‘The hard-working public pay for legal aid, and we must deliver a system which commands their confidence and uses their money wisely’. (Chris Grayling, Ministry of Justice consultation paper)
I am the ‘hard working public that pays for legal aid’. I am also the mother of a defendant who faced three trials, lasting in total over twelve weeks and stretching over a period of eleven months. Two years to the day after he was charged with Violent Disorder at the student protest of 9th December 2010, my son was unanimously acquitted in under four hours. To fight for over two years takes courage. But it also requires expert legal support. My son was supported by one of the small firms that specialise in protest cases, (Christian Khan), served by immensely dedicated lawyers who work far beyond the terms of their contracts. Margaret Gordon and Sarah McSherry continued with my son’s case long after the criminal aid funding dried up.
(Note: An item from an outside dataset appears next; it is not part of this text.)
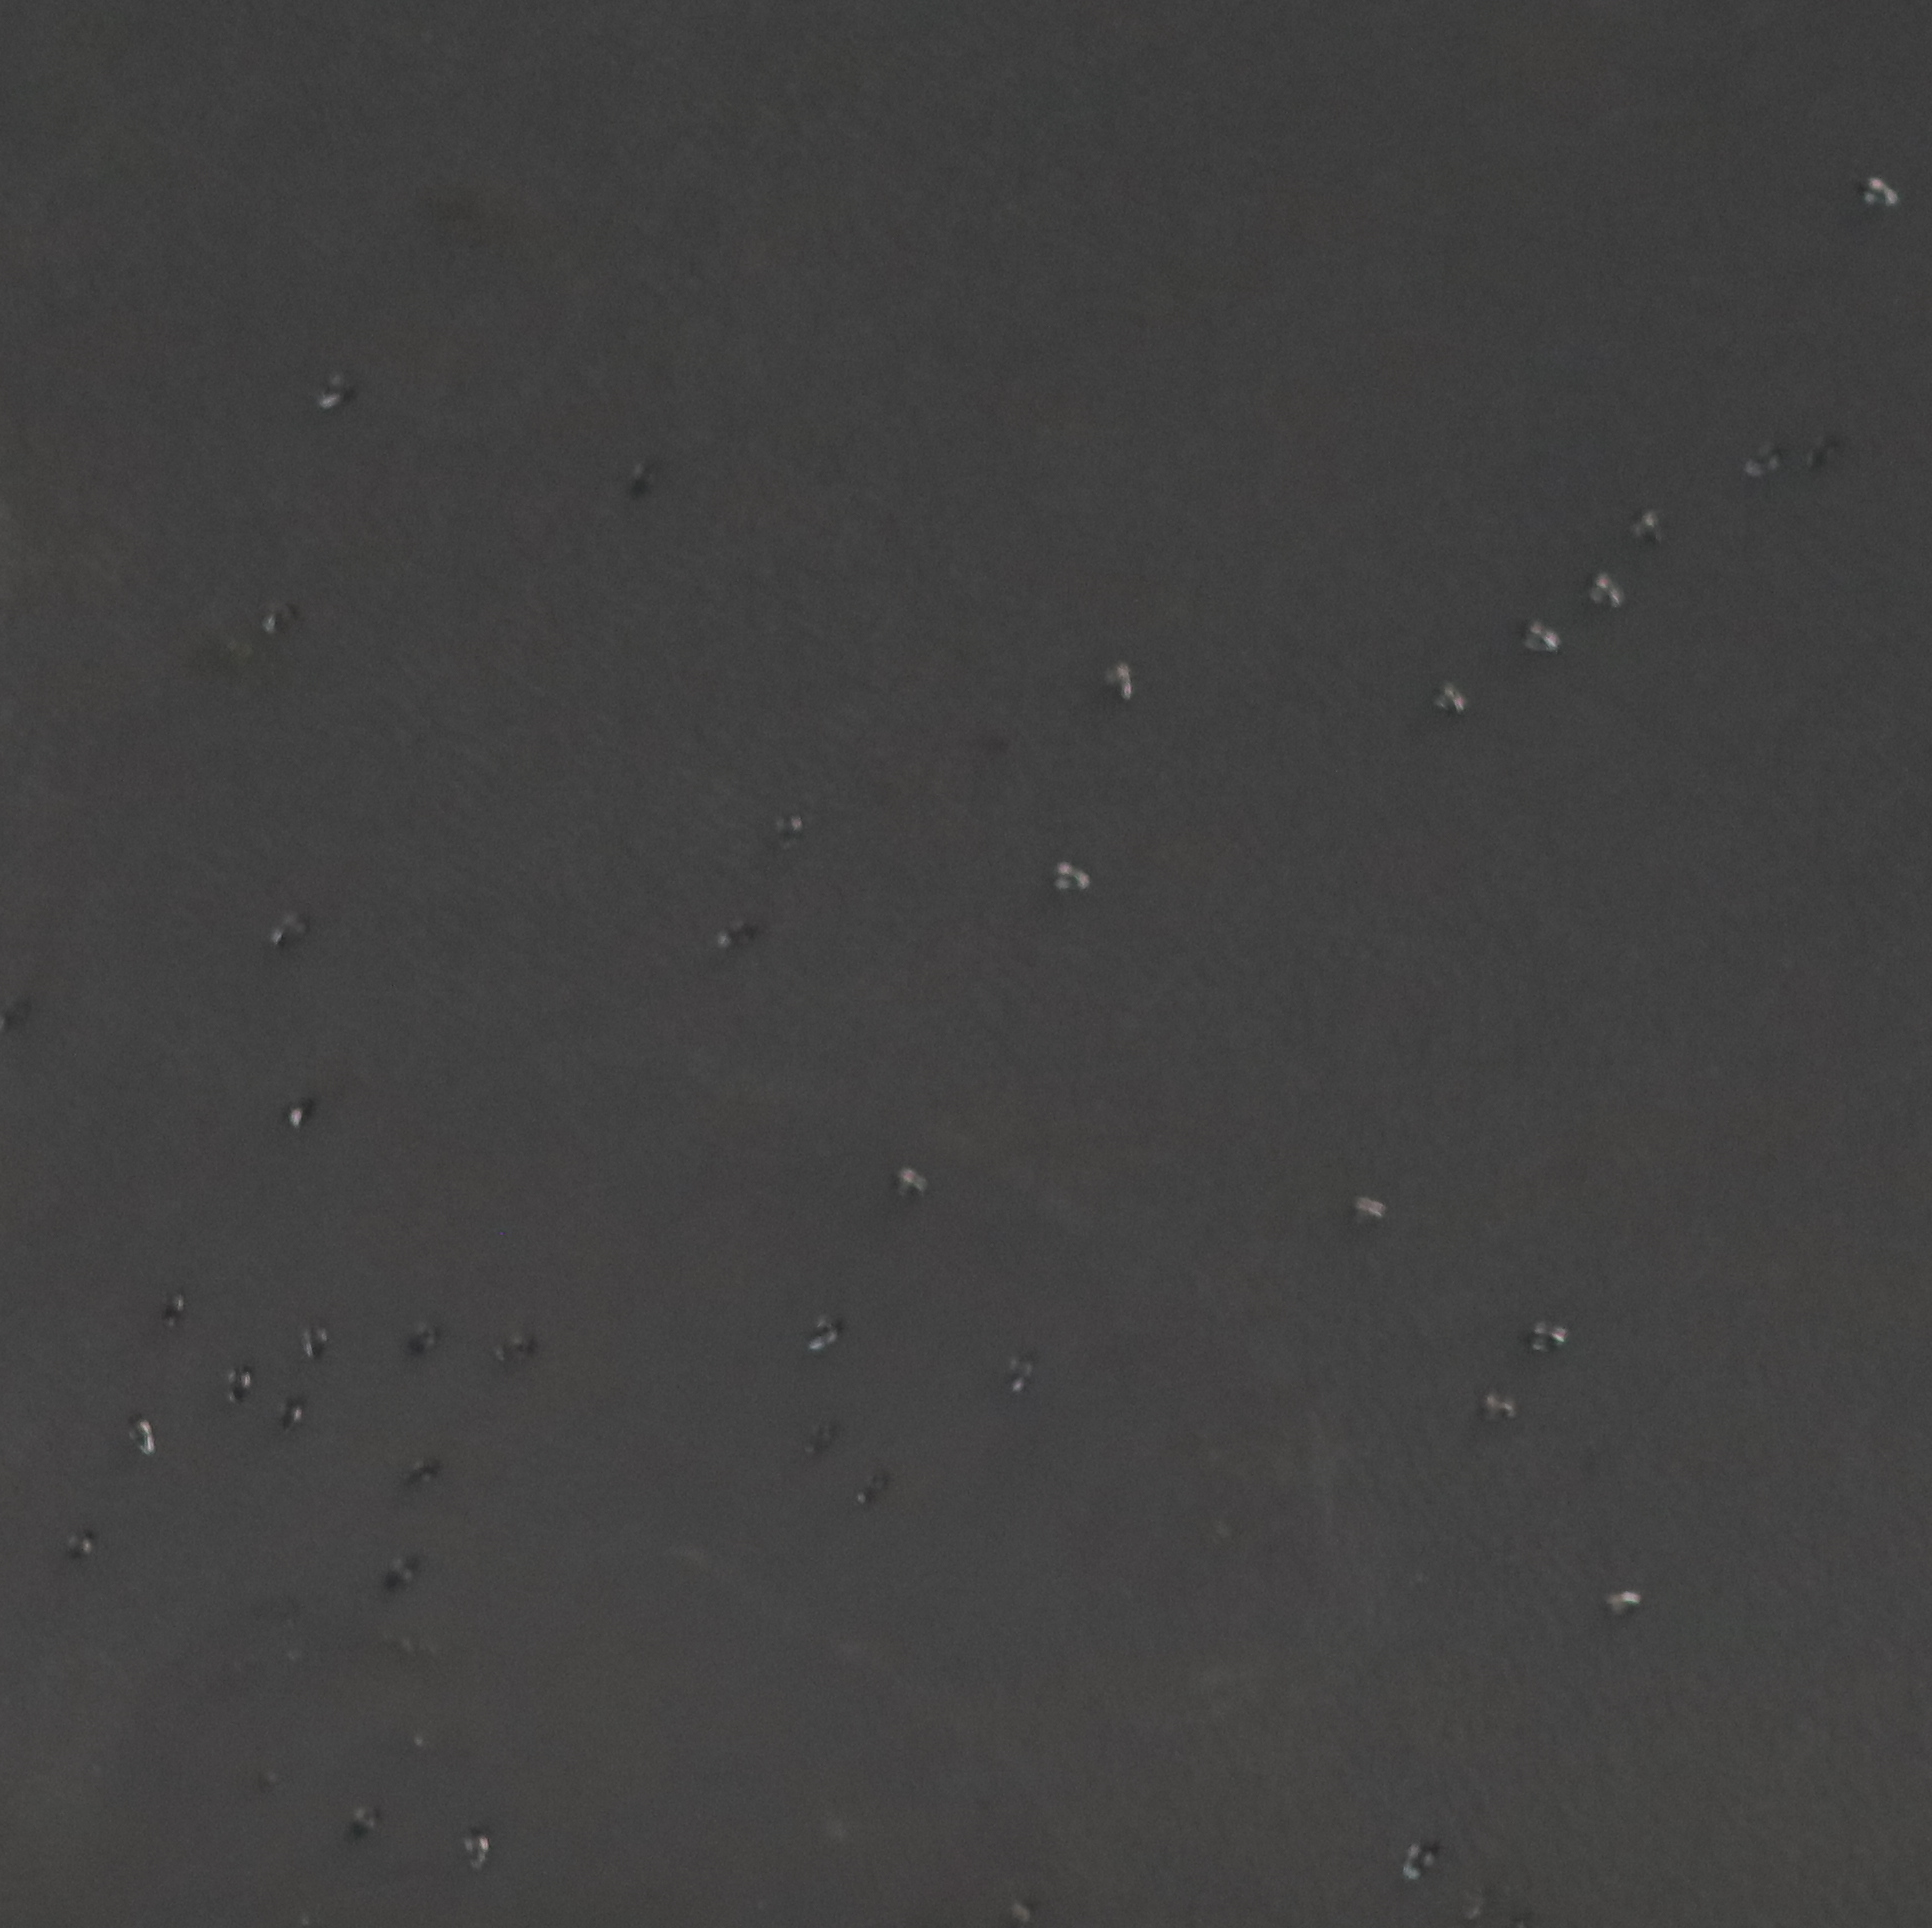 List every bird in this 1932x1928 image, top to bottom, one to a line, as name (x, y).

The changes make sense if you assume that you will never need to call on legal aid yourself. You may believe that the innocent will always be acquitted, or (even) that innocent people are never charged with crimes. You may assume that legal support from knowledgeable and passionate professionals will be available if you need the law. But it has not always been available and may not be there in the future if you or your loved ones should need it.
Back in 1975, my (conservative voting) mother volunteered at a Citizens Advice Bureau and was trained as a lay advocate in claims of unfair dismissal. Legal aid was not then available in the newly formed industrial tribunals, designed to offer an accessible form of law requiring no expert legal knowledge. The problem was that the employers (often firms such as Macdonalds) used top barristers to present their side of the case. Will difficult cases and cases which threaten the state in future be defended by well meaning volunteers?
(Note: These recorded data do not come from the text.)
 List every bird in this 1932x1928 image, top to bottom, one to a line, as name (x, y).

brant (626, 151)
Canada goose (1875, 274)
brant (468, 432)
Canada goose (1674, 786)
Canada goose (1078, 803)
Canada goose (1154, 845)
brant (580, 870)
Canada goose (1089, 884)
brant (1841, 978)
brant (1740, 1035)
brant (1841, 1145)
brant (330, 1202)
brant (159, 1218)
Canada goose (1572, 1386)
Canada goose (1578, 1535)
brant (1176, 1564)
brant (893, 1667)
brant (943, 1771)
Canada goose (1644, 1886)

The changes to criminal legal aid now proposed would take us to a situation far worse than that of 1975. The changes are wide ranging, but one change particularly disturbs me: the removal of ‘client’ choice. At present a defendant can select a solicitor according to area of expertise. In future, in order to introduce economies of scale, solicitors from a reduced number of approved large firms will be automatically assigned to defendants. Once assigned, no changes will be allowed. It’s worth the mind experiment, I think, of transferring this model to the NHS. How would we feel if the (tired, junior) doctor we met in Accident and Emergency was the doctor who must – of necessity – continue to supervise our care, whatever our problem. If unable to pay for a specialist, we were to be operated on by non-specialist surgeons, working for large firms and dealing with broken limbs, transplants, heart surgery, and neurosurgery. We would be outraged if doctors were automatically allocated according either to the day of the week on which we were to be operated on, or alphabetically, according to our surname. Such a thing would be unthinkable.
Yet this is the proposal that is being made in an attempt to save money on criminal legal aid. According to the consultation document (4.75): ‘ Applicants [solicitors] that were awarded contracts would […] be expected to have the capacity and capability to undertake all of the categories of work within the scope of the contract [my emphasis] or use appropriately qualified agents.’ Cases will be shared out:
(a) allocating strictly on a case by case basis, for example, in an area where there were five providers, the first case would be allocated to provider one, the second to provider two and so on until the fifth case was reached. […]; or
(b) allocating clients to a provider based on the day of month of birth (for example, all clients born on 9 April would be allocated to provider one, 10 April to provider two and so on); or.
(c) allocating clients to a provider alphabetically by surname initial. (4.89)
Even if the firms that specialise in protest law were to group together to bid for contracts (allowing economies of scale), they could not access those defendants charged at protests. Not only will the innocent go to prison under these proposals, not only will committed and passionate professionals lose their jobs, not only will a body of expertise be lost, but the freedoms we all take for granted will disappear.
Susan Matthews parent of Alfie Meadows and Secretary of DtRtP
Alfie Meadows was recently acquitted of VD charges relating to the student anti-fees protests.